The potato chips I used probably had some small differences in mass, which could also affect my results. A solution to this could be to calculate the percentage change in mass of the chips. This would mean that a more accurate change in mass for each chip could be calculated, which would make the results more accurate. The equation for this would be:
Mass at end – Mass at beginning x 100%.
Mass at beginning
I could not calculate the percentage change in mass for this experiment as I did not record the minute differences between the mass of the potato chips at the start of the experiment, and so if I wanted to calculate the percentage change in mass I would have to record exactly the slight differences in mass between all the potato chips at the beginning of this experiment.

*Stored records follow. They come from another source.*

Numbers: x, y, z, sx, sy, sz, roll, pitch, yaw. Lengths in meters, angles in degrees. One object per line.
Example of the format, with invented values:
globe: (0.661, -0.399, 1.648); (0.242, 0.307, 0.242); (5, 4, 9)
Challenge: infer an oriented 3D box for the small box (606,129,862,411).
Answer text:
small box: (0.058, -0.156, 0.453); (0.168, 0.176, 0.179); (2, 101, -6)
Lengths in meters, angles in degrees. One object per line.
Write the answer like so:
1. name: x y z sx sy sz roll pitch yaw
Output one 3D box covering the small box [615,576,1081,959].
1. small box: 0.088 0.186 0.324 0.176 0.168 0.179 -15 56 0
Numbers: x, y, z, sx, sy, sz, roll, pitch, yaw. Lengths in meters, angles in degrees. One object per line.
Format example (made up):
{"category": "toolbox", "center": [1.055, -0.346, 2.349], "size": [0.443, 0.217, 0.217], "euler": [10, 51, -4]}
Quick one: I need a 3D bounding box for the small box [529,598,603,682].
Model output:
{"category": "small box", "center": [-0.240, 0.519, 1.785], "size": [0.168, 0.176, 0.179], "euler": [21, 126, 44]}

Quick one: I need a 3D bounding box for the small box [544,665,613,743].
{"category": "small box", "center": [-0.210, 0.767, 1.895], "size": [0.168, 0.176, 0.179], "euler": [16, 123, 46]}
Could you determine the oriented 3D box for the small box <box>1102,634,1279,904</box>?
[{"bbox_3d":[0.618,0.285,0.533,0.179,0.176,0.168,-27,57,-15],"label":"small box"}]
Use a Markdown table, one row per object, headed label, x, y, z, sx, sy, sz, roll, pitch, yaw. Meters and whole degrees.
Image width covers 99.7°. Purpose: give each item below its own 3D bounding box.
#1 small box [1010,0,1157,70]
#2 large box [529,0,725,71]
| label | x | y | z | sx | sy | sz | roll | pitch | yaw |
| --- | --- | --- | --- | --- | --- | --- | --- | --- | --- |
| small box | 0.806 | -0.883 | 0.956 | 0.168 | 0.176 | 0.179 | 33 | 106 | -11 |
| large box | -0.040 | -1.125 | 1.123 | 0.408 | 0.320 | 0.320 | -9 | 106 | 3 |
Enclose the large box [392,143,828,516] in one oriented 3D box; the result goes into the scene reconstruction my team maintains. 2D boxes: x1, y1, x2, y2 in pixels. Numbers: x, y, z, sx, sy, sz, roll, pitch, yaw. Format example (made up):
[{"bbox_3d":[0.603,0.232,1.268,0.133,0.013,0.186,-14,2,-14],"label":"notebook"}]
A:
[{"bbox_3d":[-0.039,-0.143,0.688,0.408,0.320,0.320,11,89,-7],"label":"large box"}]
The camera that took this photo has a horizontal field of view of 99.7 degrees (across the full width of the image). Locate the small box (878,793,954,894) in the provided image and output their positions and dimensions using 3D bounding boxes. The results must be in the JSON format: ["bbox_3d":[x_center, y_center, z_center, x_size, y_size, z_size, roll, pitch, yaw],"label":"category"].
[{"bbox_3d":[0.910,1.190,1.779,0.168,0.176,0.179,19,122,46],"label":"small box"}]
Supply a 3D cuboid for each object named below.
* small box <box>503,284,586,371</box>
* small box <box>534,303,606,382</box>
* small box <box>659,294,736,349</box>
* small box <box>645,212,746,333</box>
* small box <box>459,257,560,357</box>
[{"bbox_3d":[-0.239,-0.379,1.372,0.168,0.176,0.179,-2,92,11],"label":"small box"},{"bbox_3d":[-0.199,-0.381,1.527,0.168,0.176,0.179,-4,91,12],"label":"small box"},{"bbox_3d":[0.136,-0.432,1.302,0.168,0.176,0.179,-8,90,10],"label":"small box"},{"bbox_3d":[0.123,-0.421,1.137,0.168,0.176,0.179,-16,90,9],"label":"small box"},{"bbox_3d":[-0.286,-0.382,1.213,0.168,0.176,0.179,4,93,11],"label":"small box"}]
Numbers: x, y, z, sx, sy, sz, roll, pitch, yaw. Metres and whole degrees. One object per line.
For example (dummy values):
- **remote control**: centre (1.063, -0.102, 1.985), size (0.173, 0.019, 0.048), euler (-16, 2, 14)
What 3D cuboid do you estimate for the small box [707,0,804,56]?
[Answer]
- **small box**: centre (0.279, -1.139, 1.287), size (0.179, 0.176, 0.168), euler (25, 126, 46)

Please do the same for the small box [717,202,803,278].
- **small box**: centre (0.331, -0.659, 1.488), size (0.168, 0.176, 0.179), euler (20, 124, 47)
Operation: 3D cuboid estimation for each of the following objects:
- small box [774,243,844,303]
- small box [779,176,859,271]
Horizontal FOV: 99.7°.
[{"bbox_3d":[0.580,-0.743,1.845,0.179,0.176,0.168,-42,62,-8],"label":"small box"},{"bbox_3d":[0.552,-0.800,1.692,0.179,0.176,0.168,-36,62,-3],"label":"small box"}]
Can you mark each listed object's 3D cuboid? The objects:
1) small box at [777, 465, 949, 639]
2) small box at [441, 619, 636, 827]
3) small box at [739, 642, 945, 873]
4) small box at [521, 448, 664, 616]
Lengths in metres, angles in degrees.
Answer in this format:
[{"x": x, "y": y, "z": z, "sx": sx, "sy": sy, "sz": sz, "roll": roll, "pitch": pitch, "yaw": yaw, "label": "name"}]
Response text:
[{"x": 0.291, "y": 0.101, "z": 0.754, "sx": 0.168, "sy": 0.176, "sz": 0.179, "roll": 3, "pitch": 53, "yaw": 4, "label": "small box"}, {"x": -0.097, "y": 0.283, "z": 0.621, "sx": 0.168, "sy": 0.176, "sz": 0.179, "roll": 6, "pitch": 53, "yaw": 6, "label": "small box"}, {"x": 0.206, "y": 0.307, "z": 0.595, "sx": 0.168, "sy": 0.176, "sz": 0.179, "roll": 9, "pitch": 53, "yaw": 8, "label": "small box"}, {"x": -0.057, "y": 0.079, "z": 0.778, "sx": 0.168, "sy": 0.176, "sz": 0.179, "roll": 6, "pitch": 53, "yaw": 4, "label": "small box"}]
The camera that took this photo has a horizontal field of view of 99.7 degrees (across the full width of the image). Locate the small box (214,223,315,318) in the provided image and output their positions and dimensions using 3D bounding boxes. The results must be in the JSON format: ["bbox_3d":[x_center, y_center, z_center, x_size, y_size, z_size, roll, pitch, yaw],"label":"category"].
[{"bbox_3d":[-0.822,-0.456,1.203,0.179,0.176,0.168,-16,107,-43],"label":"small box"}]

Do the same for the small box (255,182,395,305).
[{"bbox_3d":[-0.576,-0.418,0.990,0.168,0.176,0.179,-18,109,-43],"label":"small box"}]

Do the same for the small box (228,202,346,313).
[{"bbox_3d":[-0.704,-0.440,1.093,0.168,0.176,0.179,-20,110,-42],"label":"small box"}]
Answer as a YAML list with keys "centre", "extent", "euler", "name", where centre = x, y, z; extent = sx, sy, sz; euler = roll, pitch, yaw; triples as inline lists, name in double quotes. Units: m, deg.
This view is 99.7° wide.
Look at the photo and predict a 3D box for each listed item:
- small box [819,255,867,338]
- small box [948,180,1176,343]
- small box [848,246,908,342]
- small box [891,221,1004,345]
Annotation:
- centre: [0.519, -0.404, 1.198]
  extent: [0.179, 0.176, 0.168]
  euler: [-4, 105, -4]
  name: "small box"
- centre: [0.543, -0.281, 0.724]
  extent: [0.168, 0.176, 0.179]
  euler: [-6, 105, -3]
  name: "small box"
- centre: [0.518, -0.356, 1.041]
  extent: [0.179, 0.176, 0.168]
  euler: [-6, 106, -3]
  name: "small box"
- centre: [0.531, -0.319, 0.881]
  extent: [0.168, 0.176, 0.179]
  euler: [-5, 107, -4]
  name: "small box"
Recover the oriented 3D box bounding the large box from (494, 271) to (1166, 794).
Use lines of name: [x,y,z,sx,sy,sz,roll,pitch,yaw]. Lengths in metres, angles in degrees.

I did keep my experiment away from any windows and heaters, but the room the experiment was in probably did warm up or cool slightly in the day. A possible solution to this problem could be to keep the experiment in a water bath or other controlled environment. It would be difficult to find the temperature of the sucrose solution without removing the cling film, however, which would allow some water to evaporate and also affect the experiment.
It would also be helpful to have collected more sets of results, as this would allow me to find more accurate averages, and also would help me to spot any anomalous results more easily; with only two results, it can be difficult to tell which result of the two is anomalous. In future, I will try to collect three or four sets of results which should be a great help.
It would also be good to have a control experiment where a potato chip is placed in distilled water. This would be useful to get a wider spread of results. I could also try using 0.1, 0.3 0.5, 0.7 and 0.9 mole dm-3, which likewise would give me a wider spread of results to help me draw improved conclusions and graphs.
Overall, I think that my results were accurate and useful, and my method was fair, although I could have improved my control of temperature by placing the test tubes in a controlled environment such as a water bath, and I should have taken more results.